- Work instructions -
Below is a listing; restate from it, character for character, the lines beginning at the line holding "23) cardboard box [1182,307,1299,392]" and ending at the line holding "30) cardboard box [1822,23,1917,130]", both included.

- Records for the task -
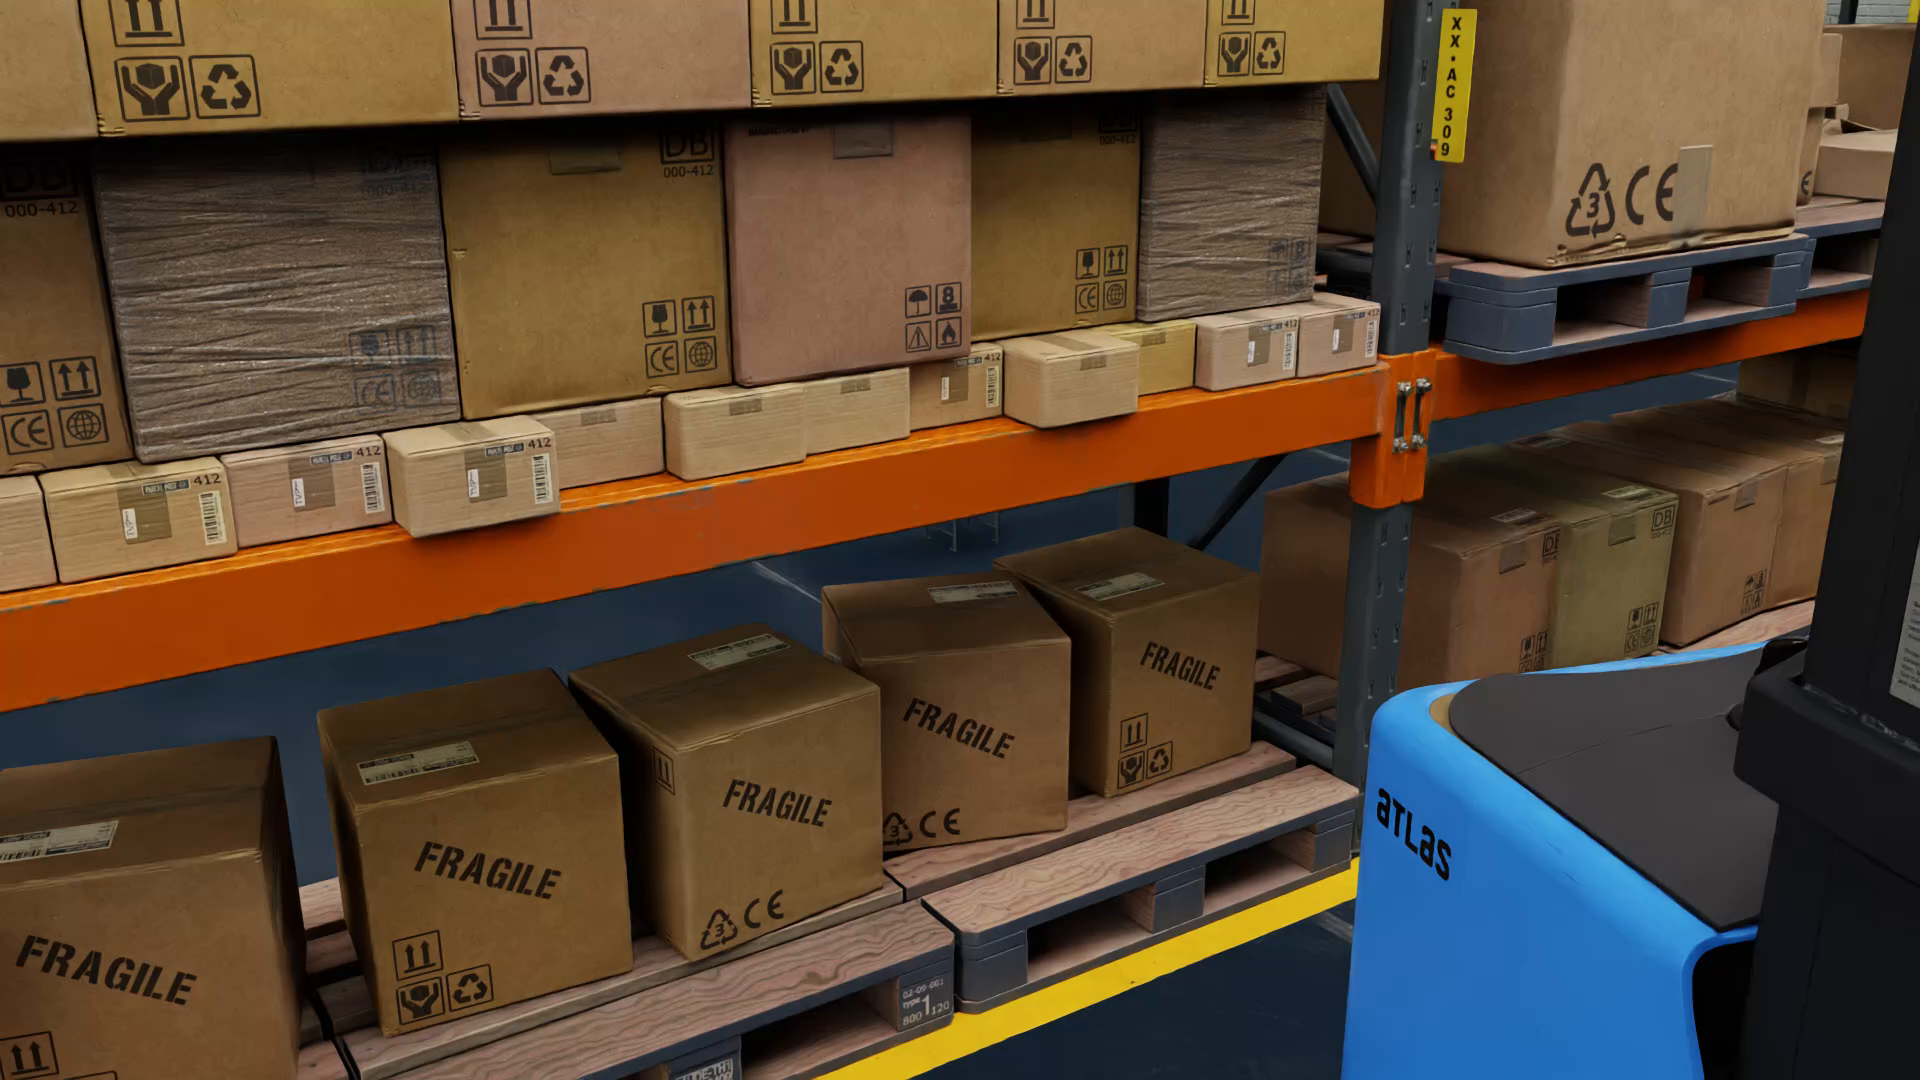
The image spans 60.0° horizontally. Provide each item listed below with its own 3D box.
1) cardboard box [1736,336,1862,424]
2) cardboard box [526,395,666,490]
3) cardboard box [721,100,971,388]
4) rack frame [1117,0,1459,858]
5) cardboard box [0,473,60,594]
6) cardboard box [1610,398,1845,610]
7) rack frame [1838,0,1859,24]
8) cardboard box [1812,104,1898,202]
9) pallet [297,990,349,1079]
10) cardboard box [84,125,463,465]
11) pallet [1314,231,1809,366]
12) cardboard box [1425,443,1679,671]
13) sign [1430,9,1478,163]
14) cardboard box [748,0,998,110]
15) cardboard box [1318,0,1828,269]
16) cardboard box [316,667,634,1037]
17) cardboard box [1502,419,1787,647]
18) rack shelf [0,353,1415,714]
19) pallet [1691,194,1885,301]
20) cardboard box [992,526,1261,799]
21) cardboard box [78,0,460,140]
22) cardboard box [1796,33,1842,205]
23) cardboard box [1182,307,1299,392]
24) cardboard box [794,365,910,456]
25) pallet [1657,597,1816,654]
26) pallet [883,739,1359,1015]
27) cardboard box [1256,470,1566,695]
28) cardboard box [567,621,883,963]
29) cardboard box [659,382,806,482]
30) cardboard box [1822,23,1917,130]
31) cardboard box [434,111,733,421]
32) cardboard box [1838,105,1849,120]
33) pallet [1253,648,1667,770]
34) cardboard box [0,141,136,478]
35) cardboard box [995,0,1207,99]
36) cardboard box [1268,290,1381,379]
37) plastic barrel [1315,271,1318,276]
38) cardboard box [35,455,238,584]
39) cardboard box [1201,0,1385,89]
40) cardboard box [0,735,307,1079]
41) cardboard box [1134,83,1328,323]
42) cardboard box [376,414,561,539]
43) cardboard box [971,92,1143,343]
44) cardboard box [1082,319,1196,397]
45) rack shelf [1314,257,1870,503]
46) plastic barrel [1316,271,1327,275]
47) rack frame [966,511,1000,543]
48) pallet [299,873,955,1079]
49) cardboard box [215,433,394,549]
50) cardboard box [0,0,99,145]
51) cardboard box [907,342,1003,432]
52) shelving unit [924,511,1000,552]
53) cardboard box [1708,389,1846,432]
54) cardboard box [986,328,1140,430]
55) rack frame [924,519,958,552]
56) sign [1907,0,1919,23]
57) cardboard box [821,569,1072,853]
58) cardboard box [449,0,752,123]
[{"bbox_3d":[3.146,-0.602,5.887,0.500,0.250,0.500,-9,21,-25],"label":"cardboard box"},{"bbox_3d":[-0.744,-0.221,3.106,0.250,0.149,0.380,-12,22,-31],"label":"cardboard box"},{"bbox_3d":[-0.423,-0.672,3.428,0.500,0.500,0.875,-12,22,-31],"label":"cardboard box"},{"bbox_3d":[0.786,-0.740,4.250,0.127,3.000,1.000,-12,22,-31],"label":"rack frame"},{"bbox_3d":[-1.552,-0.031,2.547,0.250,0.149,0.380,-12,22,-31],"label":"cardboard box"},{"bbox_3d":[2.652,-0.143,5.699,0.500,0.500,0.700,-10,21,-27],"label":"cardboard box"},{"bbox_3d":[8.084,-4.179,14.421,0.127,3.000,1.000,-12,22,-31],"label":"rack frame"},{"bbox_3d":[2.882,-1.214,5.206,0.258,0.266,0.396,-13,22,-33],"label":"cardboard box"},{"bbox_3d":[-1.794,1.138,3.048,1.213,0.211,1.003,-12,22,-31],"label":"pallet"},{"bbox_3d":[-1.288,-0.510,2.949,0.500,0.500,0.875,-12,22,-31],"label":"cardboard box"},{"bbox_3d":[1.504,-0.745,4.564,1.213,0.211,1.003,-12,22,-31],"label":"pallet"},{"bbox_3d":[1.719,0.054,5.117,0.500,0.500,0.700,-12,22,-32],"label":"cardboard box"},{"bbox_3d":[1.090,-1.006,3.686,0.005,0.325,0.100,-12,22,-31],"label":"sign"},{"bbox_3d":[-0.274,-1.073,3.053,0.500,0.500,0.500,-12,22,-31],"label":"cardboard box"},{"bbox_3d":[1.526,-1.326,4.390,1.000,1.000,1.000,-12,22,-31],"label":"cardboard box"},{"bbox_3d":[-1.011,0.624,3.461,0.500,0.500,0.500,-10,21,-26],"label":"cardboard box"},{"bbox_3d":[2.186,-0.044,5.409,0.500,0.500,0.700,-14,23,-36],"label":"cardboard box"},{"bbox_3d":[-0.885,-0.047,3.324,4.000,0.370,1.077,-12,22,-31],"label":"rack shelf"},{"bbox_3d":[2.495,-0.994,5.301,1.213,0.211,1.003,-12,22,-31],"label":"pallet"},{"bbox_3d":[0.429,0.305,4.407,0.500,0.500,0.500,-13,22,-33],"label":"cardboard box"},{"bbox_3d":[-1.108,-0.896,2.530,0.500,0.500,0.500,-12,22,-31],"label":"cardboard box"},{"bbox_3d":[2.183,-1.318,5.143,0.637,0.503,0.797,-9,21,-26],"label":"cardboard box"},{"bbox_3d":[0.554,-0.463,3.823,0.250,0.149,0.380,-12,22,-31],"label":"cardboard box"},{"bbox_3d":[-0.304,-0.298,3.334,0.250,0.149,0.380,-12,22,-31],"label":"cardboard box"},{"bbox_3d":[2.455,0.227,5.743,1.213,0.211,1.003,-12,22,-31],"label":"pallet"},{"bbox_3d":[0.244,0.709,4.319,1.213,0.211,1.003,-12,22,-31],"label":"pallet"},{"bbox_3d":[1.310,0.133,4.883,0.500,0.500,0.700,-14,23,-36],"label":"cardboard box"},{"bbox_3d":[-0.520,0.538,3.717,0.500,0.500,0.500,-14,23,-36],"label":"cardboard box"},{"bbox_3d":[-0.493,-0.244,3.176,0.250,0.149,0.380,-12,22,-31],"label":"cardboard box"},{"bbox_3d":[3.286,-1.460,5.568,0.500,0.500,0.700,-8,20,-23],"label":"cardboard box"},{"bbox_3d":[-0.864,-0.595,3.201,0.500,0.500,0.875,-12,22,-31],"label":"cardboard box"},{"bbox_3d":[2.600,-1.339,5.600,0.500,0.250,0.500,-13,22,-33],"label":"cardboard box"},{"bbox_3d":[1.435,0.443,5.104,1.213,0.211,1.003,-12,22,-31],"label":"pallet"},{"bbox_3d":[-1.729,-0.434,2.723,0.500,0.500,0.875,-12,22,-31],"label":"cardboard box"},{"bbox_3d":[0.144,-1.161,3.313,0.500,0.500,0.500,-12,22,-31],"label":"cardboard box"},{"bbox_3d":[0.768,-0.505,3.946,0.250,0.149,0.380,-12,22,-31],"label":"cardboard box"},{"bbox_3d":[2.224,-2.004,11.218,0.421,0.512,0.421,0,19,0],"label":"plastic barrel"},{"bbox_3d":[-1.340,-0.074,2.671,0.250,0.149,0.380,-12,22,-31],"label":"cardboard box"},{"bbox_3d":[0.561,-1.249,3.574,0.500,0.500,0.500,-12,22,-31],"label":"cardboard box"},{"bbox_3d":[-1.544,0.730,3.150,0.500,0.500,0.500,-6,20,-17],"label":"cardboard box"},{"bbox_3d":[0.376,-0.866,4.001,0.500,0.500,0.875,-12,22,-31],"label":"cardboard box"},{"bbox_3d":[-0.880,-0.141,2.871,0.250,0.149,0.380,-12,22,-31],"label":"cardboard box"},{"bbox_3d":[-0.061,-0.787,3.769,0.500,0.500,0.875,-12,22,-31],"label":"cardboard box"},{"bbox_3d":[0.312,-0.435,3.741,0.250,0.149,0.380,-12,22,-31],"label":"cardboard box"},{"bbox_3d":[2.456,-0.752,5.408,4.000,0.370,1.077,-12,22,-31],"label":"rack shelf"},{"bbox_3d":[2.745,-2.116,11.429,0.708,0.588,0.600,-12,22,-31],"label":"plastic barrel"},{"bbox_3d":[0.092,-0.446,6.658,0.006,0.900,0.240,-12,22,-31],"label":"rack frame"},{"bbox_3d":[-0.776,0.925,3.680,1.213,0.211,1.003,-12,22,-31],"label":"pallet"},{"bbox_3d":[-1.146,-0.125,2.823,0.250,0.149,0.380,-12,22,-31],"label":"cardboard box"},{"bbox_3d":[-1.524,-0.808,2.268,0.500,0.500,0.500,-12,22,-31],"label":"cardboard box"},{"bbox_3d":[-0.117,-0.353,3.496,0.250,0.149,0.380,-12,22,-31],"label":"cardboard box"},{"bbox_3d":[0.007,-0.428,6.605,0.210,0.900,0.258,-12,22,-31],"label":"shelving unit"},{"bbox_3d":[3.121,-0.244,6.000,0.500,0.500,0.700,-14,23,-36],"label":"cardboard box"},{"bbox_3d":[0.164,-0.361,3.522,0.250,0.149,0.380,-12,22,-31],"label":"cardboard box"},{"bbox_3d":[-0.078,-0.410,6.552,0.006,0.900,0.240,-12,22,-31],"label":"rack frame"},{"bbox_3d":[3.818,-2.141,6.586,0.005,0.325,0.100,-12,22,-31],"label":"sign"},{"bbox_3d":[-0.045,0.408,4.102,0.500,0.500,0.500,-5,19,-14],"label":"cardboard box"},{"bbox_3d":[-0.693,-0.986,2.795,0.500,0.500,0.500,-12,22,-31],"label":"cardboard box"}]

- Answer space -
23) cardboard box [1182,307,1299,392]
24) cardboard box [794,365,910,456]
25) pallet [1657,597,1816,654]
26) pallet [883,739,1359,1015]
27) cardboard box [1256,470,1566,695]
28) cardboard box [567,621,883,963]
29) cardboard box [659,382,806,482]
30) cardboard box [1822,23,1917,130]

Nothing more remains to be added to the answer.